“Imagine playing tennis.”
With the release of Western neuroscientist Adrian Owen’s book about the borderlines of consciousness, that phrase may well enter the international lexicon as a shorthand offering hope to intact minds locked within unresponsive bodies.
Into the Gray Zone was released this week in North American by Simon & Schuster.
The book is getting a worldwide publicity push as Owen, who is Canadian Excellence Research Chair in Cognitive Neuroscience and Imaging, explores the spaces in between life and death for people in a vegetative state.
Through his work at Western’s Brain and Mind Institute, as well as earlier at Cambridge University in the United Kingdom, Owen and his team have been able to discover how some people are aware, despite other diagnoses to the contrary. These patients have suffered catastrophic brain injury and live in a “grey zone” – neither in a coma nor awake – and not responsive to the world around them.
Owen captured international medical and media attention when he found through fMRI scans that 20 per cent of these non-responsive patients may, in fact, be conscious.
“I was initially reluctant to write this book, but I became convinced that all of us – not just neuroscientists and other researchers – have much to learn from the stories of people previously dismissed as being in a vegetative state,” Owen said. “Our team at the Brain and Mind Institute at Western is in the vanguard of discovering what it is that makes us human, what it is to be conscious, what it is that makes us truly alive. Into the Gray Zone gets to the heart, and the brain, of that important study of life and death and the myriad degrees of awareness in between.”
Owen’s work has enabled him to learn that patients are not only aware and can have memories of the people they were before injury, but their brains can also lay down new memories – ones that reflect keen awareness of their circumstances and surroundings since they entered the grey zone.
While patients were in the scanner, Owen asked them to picture walking from room to room in their house. He also asked them to imagine playing tennis. In a patient who is conscious, each visualization would light up different parts of their brains in the scanner.

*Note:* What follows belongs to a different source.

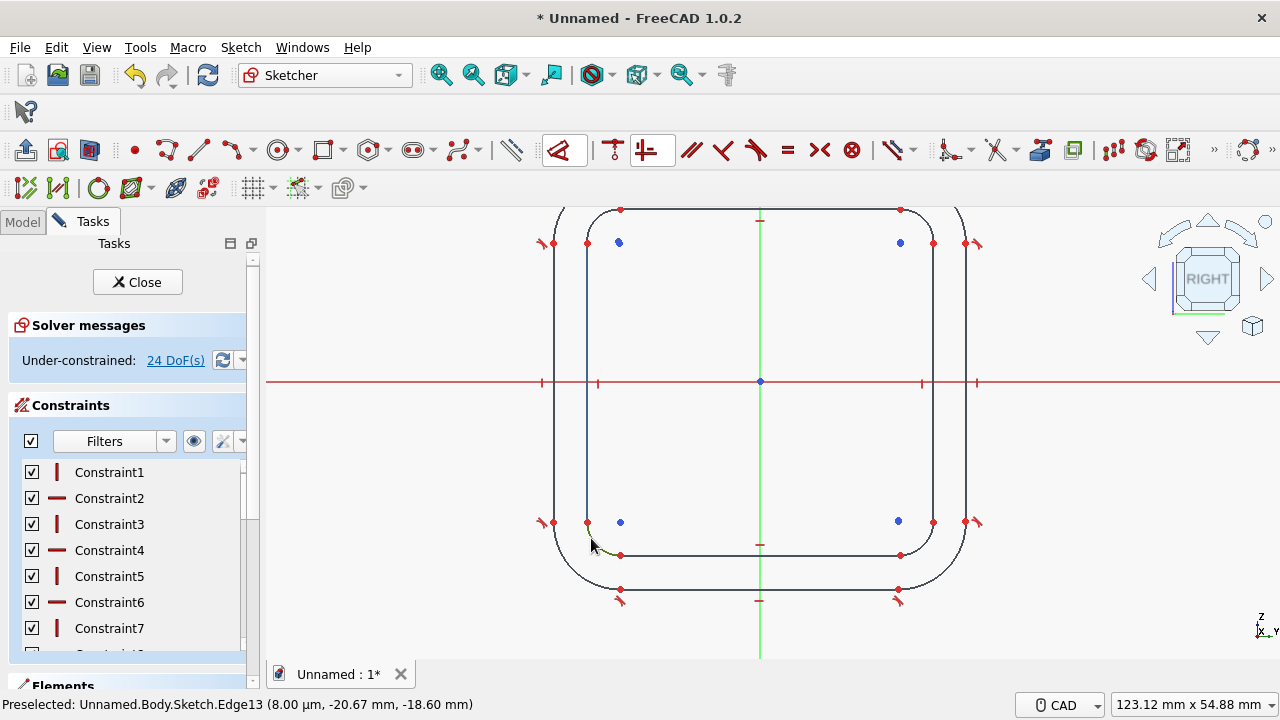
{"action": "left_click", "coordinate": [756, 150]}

In the book, Owen describes how ‘Carol,’ who had suffered a traumatic brain injury, became the breakthrough patient during testing at Cambridge in 2006. “We had found Carol. I had sent a clear ‘Are you there?’ signal into inner space, and the answer, ‘Yes, I am here’ had come back loud and clear,” Owen wrote.
Much of the ground-breaking work has taken place at Western where, among other research, Owen used the tennis and house-tour visualizations as surrogate answers to yes-no questions.
In 2012, they asked brain-injured patient ‘Scott,’ “Are you in pain?” If the answer was no, he was to imagine playing tennis. If yes, he was to imagine walking around his house.
Owen describes that ‘no’ response as one of the most emotional findings of his career.
“He expressed himself, speaking to us through this magical connection we had made between his mind and our machine. To communicate for the first time with another human being who has been unable to communicate for more than a decade is an extraordinary experience.”
That “imagine playing tennis” line is an emotive echo of mid-20th-century neurosurgeon Wilder Penfield’s pioneering work to map the human brain. In a discovery made famous by Heritage Minutes, one of his patients during brain mapping exclaims, “I can smell burnt toast!”
Into the Gray Zone tells the stories of unlocking the inner worlds of patients ‘Kate,’ ‘Amy,’ ‘Jeff’ and ‘Juan’. It also explores the ethics and philosophical questions of what Owen calls “the critical spectrum between the unconscious and the conscious.”
In the end, though, Owen concludes, “the heart of grey-zone science is about finding people who have been lost to us and reconnecting them with the people they love and who love them.”
The book is dotted with questions about quality-of-life care, end-of-life care and the science and ethics of emerging technology that might one day allow us to decode how our minds operate. When doctors, families and other caregivers work with these patients, it introduces is complex new layers of consideration about care, consent, right-to-die and right-to-life issues.